The results provide useful insights for policymakers, financial institutions and other stakeholders. The study highlights the importance of creating conditions for adopting and integrating AI. This requires comprehensive regulatory frameworks for cybersecurity and data protection, promotion of digital skills and establishment of legal sandboxes to facilitate innovation growth. Financial institutions need to create technological infrastructure, upskill the labour force, and integrate AI-driven innovations that align with the national priorities and customer needs.
It is therefore recommended that Ghana concentrates on building foundational AI infrastructure and governance framework to boost trust; Kazakhstan should use its national AI strategy to introduce more effective AI applications in its financial sector; and both countries should try to balance innovation with governance in order to maximise AI benefits for financial inclusion and stability and to spur economic growth and performance.

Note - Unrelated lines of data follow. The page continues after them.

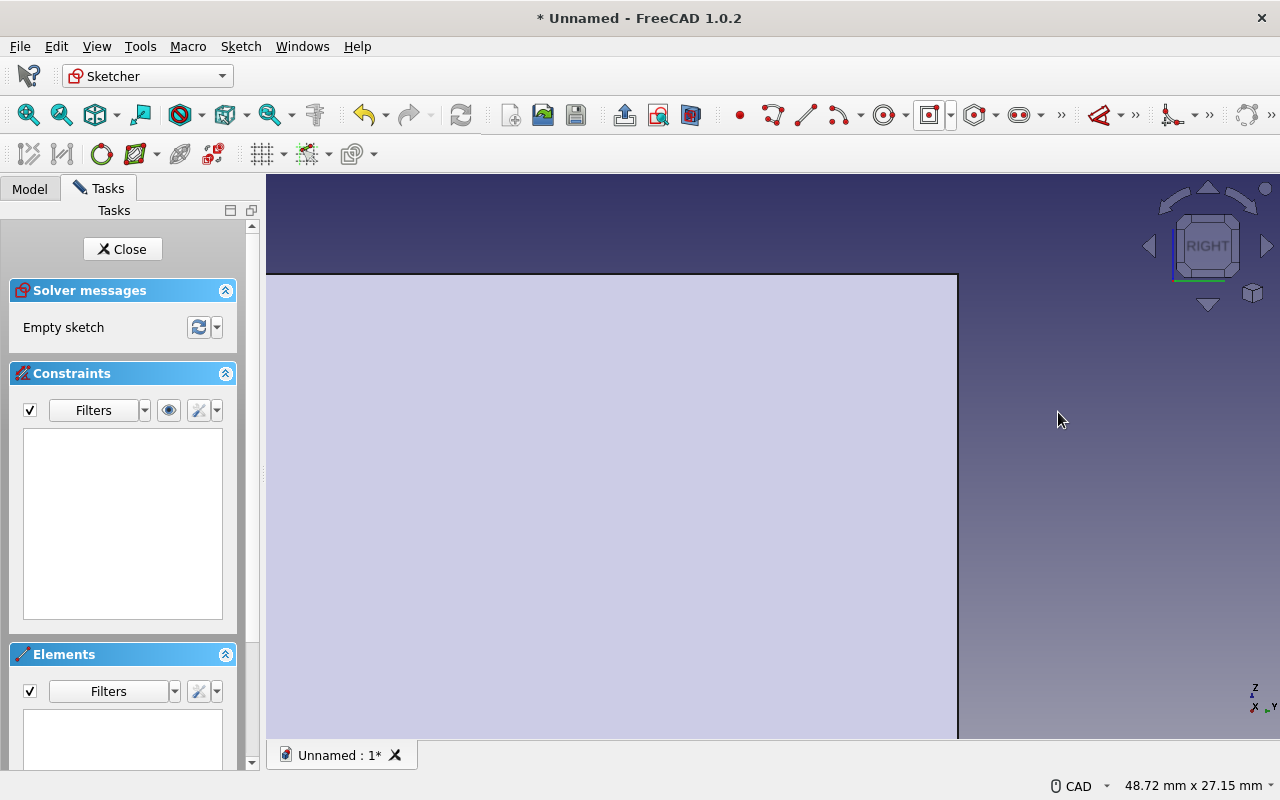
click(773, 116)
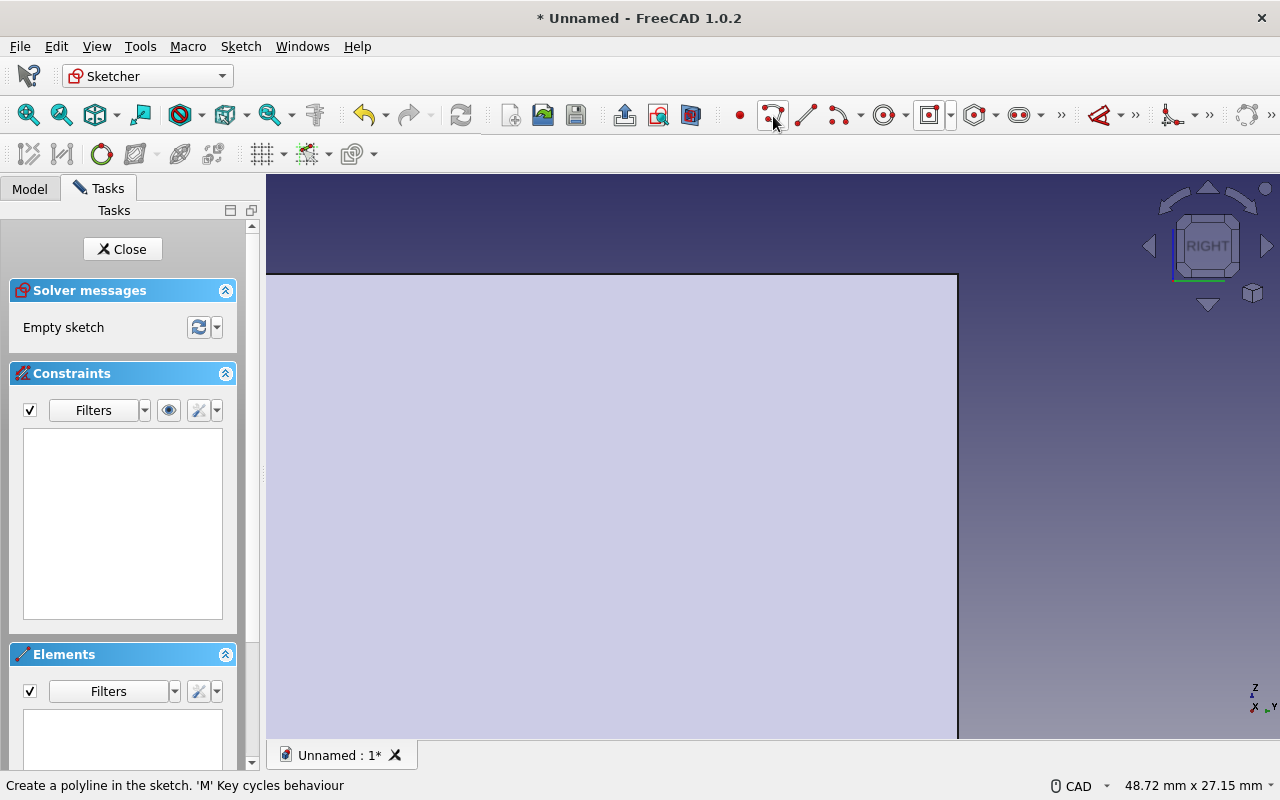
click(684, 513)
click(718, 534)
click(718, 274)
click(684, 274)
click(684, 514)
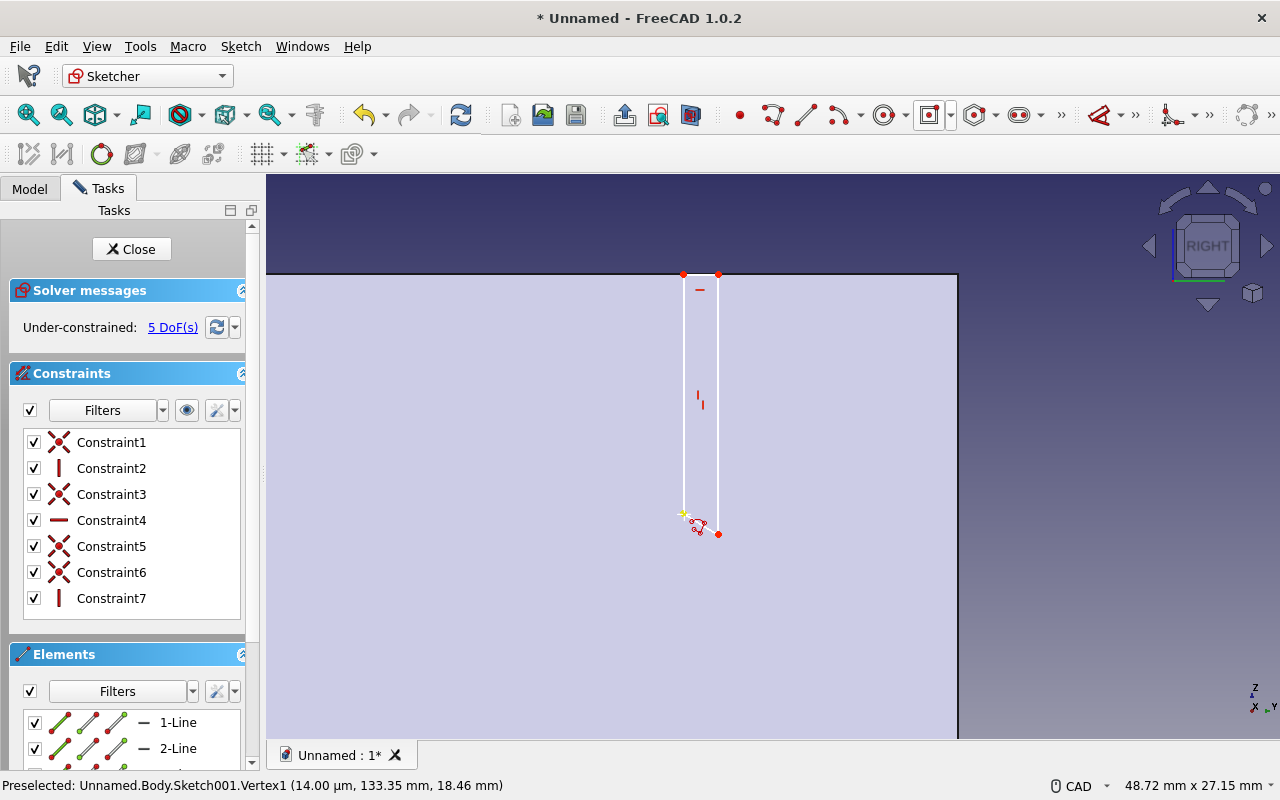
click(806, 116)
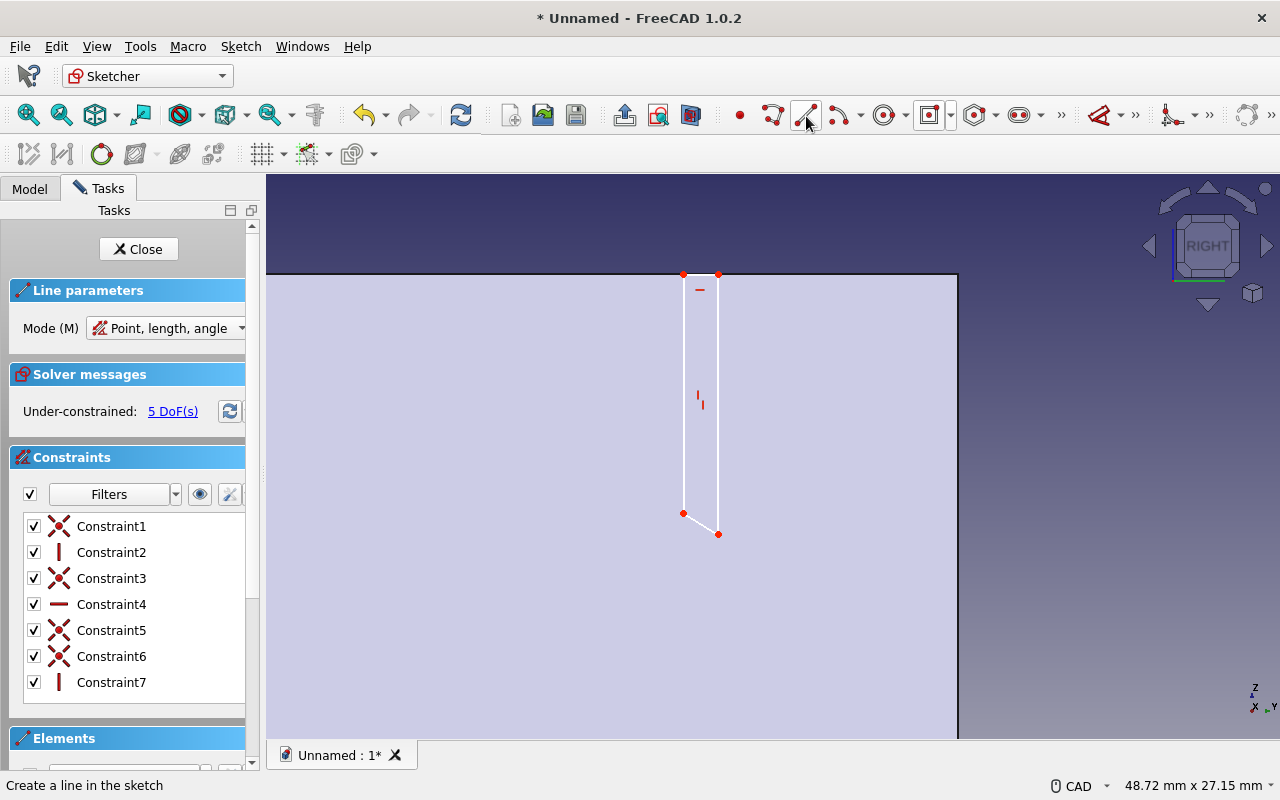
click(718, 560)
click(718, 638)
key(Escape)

The creation of an ecosystem for effective AI adoption requires collaboration of governments, financial organisations and technology providers. It is also important to work with societal attitudes and build trust in AI-driven financial services. Finally, the socioeconomic impact of adopting AI in terms of employment and financial inclusion should be monitored and addressed when necessary.
This research opens many directions for future studies. First, further research into socioeconomic impact of AI adoption, especially in terms of employment and income inequality, could offer better understanding of the trade-offs involved. Next, comparative analysis of other developing countries’ experience may help identify best practices and lessons to be learned. Finally, conducting longitudinal studies to track the evolution of adopting AI in Ghana and Kazakhstan could offer insights into the long-term outcomes and sustainability of such initiatives.